I saw a cool plug-in description - it’s a plugin for a word processor or E-mail, where you can right-click on a sentence and ask for five alternatives if you’re not happy with the one you wrote. You can also just right-click wherever you are and choose , “please finish this for me” and ChatGPT will read what you wrote, figure out style and subject, and finish your E-mail or dpcument section for you.
We are going to see stuff like this everywhere. There are a lot of people out there who are very talented in their field but terrible writers due to dyslexia or other issues, and in the digital age this holds them back. For them, ChatGPT will be a great equalizer in E-mail communications, letters, etc.
I’m pretty sure that was a reference to Colossus: The Forbin Project
And of course, even if it’s expensive to train one of these things, it’s cheap to take one that’s already trained and make a bazillion copies of it. It’d pretty much just be the cost of the hard drive space. A quick Google isn’t revealing just how big the trained model is, but the training data was somewhat less than a terabyte, and the trained model is almost certainly smaller than that.
Geez. And what’s even a terabyte these days? (Granted, that’s text.) I don’t know how many terabytes of hard drives I have lying around. At least 40 or 50. (My current main data drive is 4TB, over 50% full, and I just put it in in August, to replace the previously filled 4TB drive).
ChatGPT has about 175 billion parameters. That’s its size. it would be that size if it read a gigabyte of data or a petabyte. A parameter is just a number in a matrix or a vector. So, a 32-bit parameter would need four bytes of memory, so 700 billion bytes, or 700 gigabytes. My understanding is that the entire model has to be in RAM to be efficient.
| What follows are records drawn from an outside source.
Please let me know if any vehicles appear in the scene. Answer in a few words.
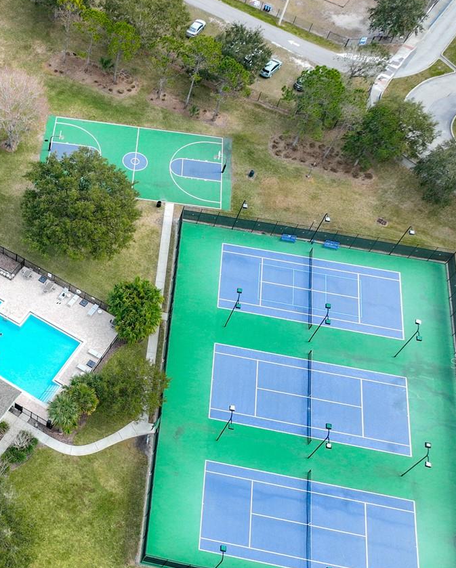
Yes
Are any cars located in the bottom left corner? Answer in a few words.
No
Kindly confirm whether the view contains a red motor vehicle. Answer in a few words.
No
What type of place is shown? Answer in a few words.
sports ground
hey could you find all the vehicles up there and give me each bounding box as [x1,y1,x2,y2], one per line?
[294,67,318,87]
[260,56,284,75]
[185,17,208,35]
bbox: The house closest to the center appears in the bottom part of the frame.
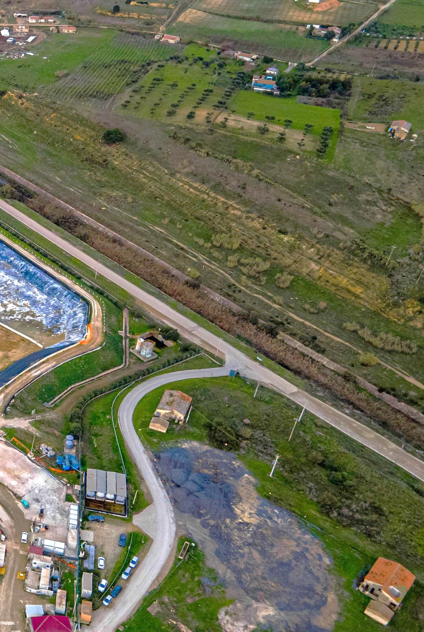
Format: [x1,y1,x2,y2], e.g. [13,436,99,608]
[155,390,192,424]
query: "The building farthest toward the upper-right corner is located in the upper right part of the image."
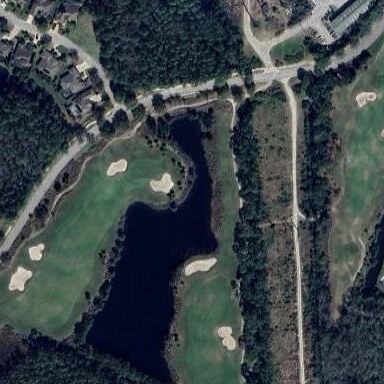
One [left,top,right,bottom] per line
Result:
[328,0,376,34]
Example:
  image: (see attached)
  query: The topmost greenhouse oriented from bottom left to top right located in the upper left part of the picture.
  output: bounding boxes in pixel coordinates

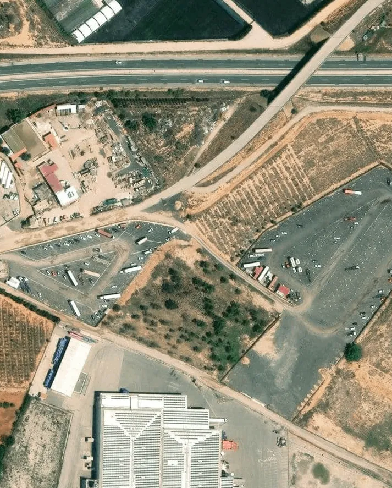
[71,0,122,43]
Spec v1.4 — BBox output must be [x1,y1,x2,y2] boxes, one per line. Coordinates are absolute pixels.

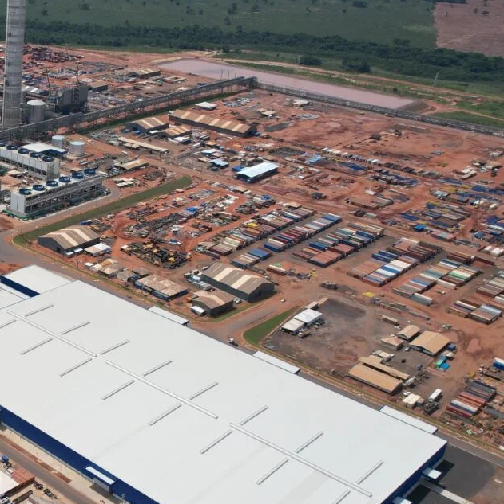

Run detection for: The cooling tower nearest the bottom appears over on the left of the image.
[7,167,110,216]
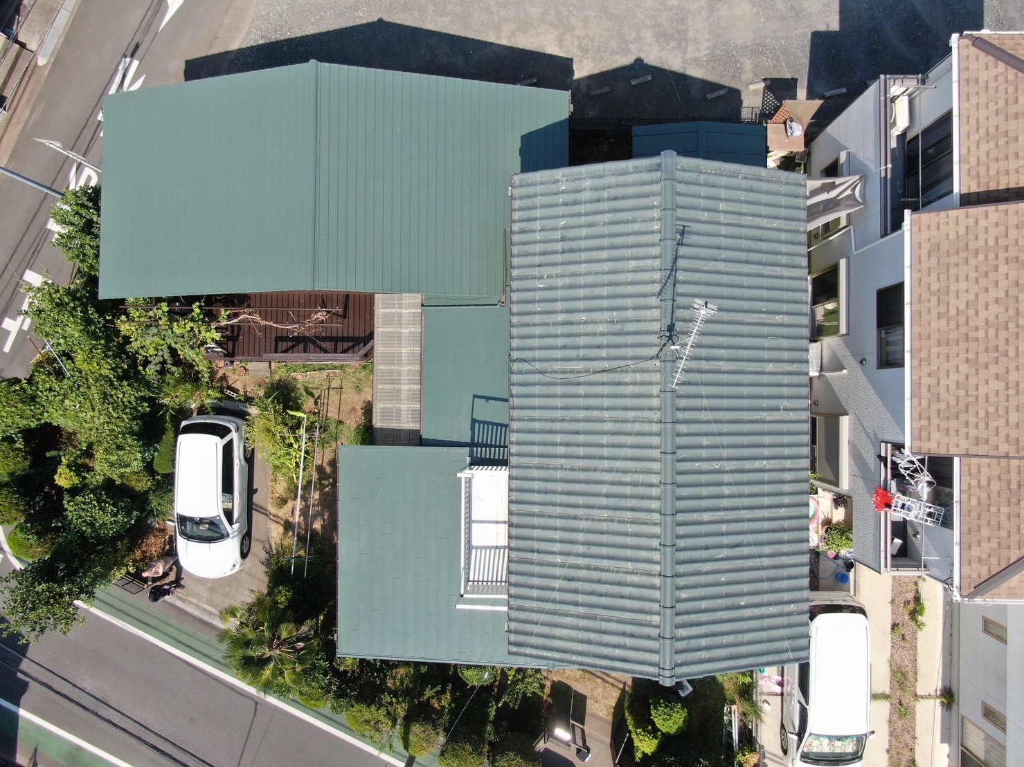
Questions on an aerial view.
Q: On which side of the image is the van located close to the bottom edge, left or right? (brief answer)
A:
right
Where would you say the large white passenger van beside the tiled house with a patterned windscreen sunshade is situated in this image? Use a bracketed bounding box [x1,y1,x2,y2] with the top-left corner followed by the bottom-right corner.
[776,589,877,767]
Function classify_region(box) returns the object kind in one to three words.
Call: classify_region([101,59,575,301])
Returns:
building
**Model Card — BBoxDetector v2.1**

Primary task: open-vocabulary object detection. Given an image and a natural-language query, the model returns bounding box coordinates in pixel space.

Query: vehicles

So it’s not going to be running on a PC.
Smaller models can. Here’s an article describing how to run a 6.7 billion parameter LLM on a PC with 12GB of RAM. This would normally take 54 GB, but the author splits the model to be partly in CPU RAM, partly in GPU RAM, and the rest cached to the hard drive.
I wonder how long it takes to process an input. This stuff is heavily math intensive.
Generally, that’s overkill except during training. 16-bit float formats (either FP16 or BF16) are almost always sufficient for inference. And in many cases, 8 or even 4-bit formats. The latest NVIDIA Hopper chip does 2 petaflops in FP8. Reducing the precision both increases raw performance and the number of weights you can store.
Pytorch has automatic mixed precision (AMP) which allows training in lower precision without zeroing out gradients. But you don’t really care about that when running a model, so yeah, 32 bit is overkill and it’s very common to “quantize” a model to make it efficient for inference.